Следуя указаниям Лёвы, Алла подъехала в дому, где было расположено агентство Полины Карловны. В окнах агентства было темно, но в квартире на втором этаже горел свет. Лёва позвонил в дверь условным звонком, Полина Карловна его впустила, и он быстро рассказал ей о случившемся. Она записала имена тех участников офицерского собрания, которые Лёва успел запомнить, обещала помочь ему расплатиться с хозяйкой пансиона и предупредить Оленьку, чтобы та отрицала свое родство с Лёвой, тем более что она Чехова, а он Книппер.
После этого Лёва с Аллой уехали во Фрайбург.
Есть неподтвержденная легенда о том, как Оленька отвадила членов боевой группы сторожить ее у входа в пансион. В то время она снималась в фильме «Татьяна», в котором играла роль русской крестьянки, влюбленной в белого офицера. По роли ей приходилось отстреливаться как от белых, так и от красных. Для того чтобы ее игра выглядела убедительно,
Однажды, когда бывшие белые офицеры продолжали подстерегать ее у входа в пансион с угрозами и требовать, чтобы она открыла им местонахождение своего брата, Оленька не задумываясь достала из кармана револьвер и выстрелила одному из них в ступню. Потом спокойно переступила через корчившегося на асфальте вымогателя, села в машину и уехала. Позже она по этому поводу заявила, что не знает жалости к врагу — московские годы выживания навек закалили ее сердце.
Надо отметить, что Оленька не осталась в пансионе надолго — по просьбе Лёвы Полина Карловна нашла ей симпатичную квартирку в хорошем районе и помогла ей тайком туда переехать — так, чтобы никто не узнал ее новый адрес.
Ольга
Все это происходило, когда МХАТ отбыл на гастроли в США.
Эти гастроли за рубежом вовсе не радовали Станиславского. Ему было нелегко представлять перед культурным Западом страну, с которой он сам еще не нашел общего языка. Он знал, что цель гастролей — показать буржуйскому Западу, чти мы, товарищи, в культуре кой-чего смыслим, и делать это было непросто. Правда, в Берлине весь зрительный зал, весь как один человек, пустил слезу на представлении «Вишневого сада» — Чехов олицетворял для них покинутую родину. Зато эмигрантская община Голландии забойкотиро-вала их спектакли, обвинив их в косвенном соучастии в убийстве русского царя и его семьи.
Все это было трудно вынести, особенно в предчувствии гастролей в Америке. Отбытие Станиславского с берлинского вокзала Фридрихштрассе, которое снимали кинооператоры, стало для него настоящим испытанием. Уже не говоря о том, что он стеснялся своего поношенного пальто, его первая попытка взобраться по вагонной лесенке оказалась неудачной, и ему, ослепленному жестоким светом софитов, пришлось карабкаться по этой лесенке еще раз. Но, едва поднявшись в вагон, он был встречен небольшой толпой корреспондентов, жаждущих немедленно взять у него интервью. Подавленный этой непривычно напряженной атмосферой, он был не слишком красноречив, а может быть, наоборот, слишком красноречив. Во всяком случае в некоторых газетах появилось его заявление о том, что с победой большевиков театр заполнила толпа грязных, неграмотных, дурно пахнущих людей, ничего не понимающих в театральном искусстве.
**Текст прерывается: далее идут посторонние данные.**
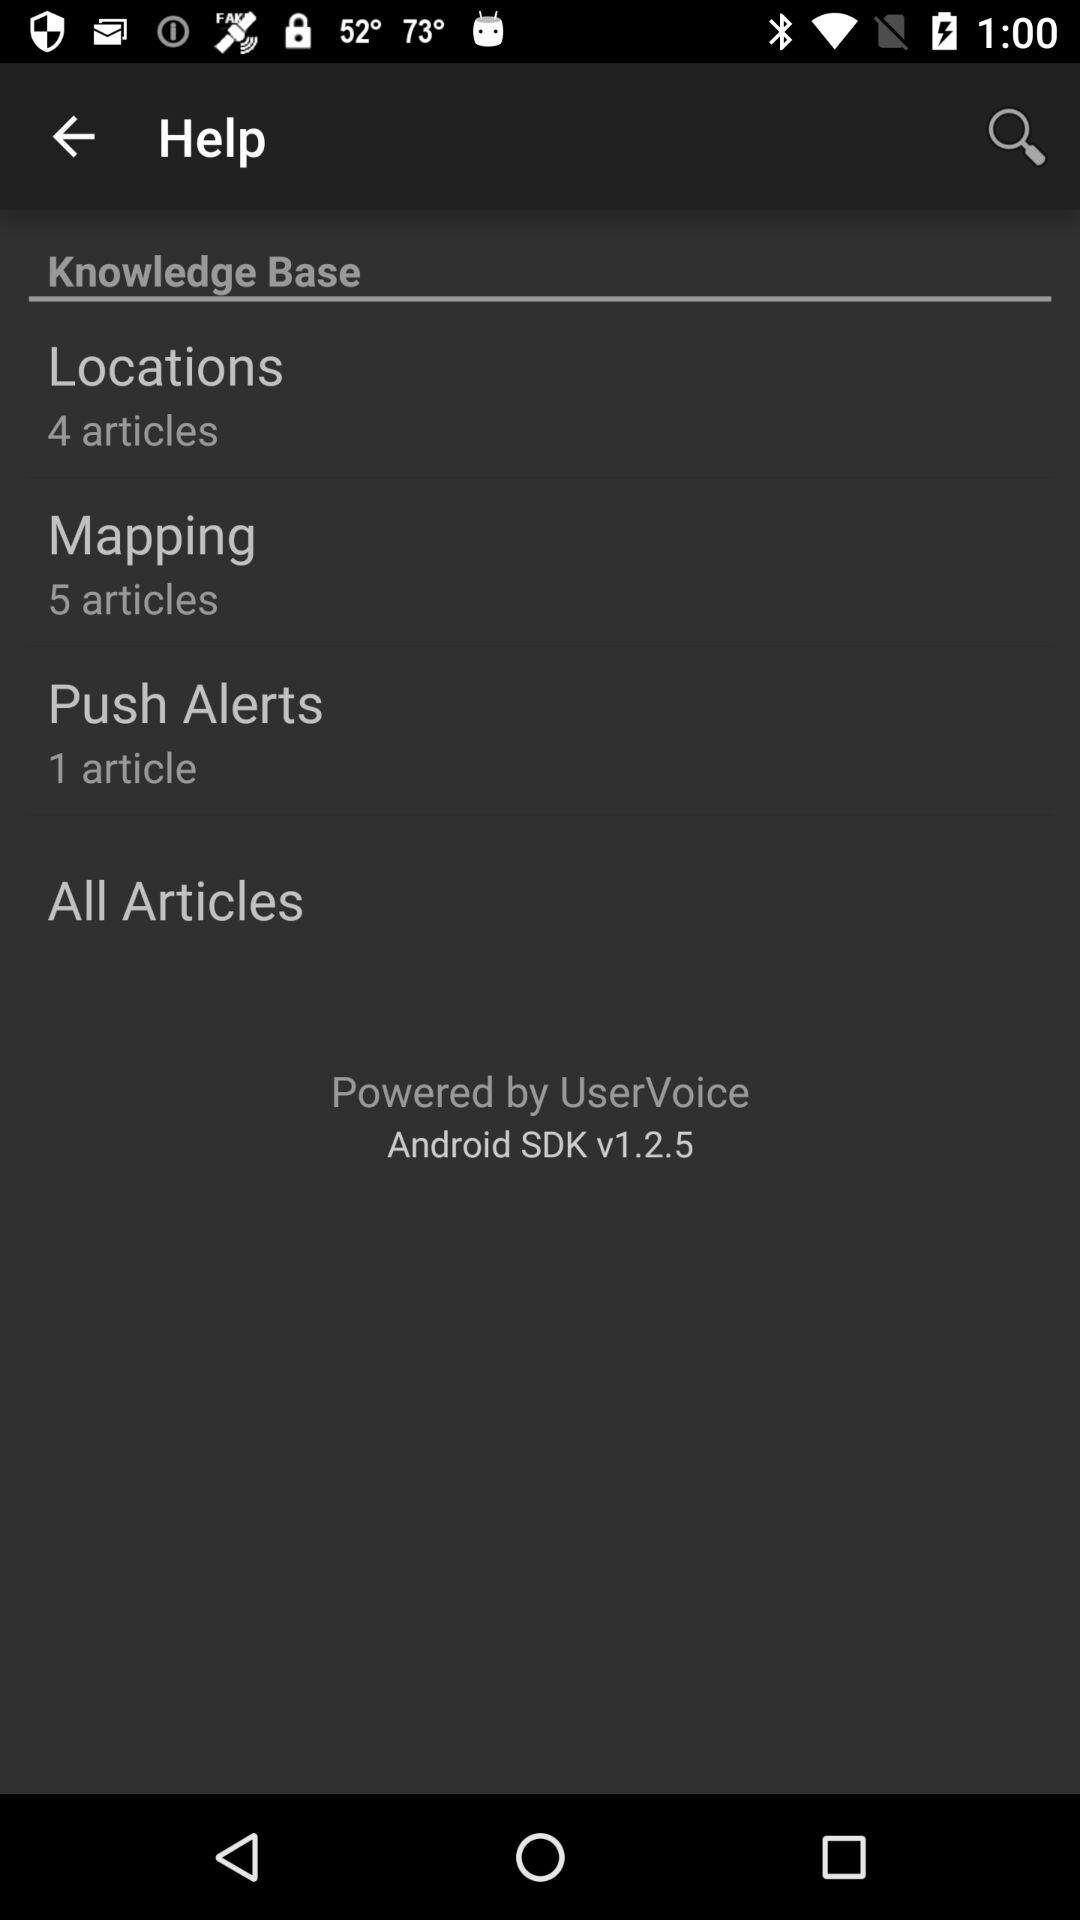How many articles on "Push Alerts"? There is 1 article on "Push Alerts".

Узнав об этом, Станиславский страшно испугался и написал опровержение. Он утверждал, что сказал корреспондентам нечто противоположное — а именно, что сегодня в театр пришли не надушенные дамы-белоручки, а простые трудовые люди с мозолистыми руками.
Ольге с ее натянутыми нервами гастроли тоже давались нелегко. Одна только мысль о морском путешествии из Старого Света в Новый, которое должно длиться 13 дней, приводила ее в ужас. И ужас этот полностью оправдался: морское путешествие было мучительным в любую погоду — страх в шторм и тошнота в штиль.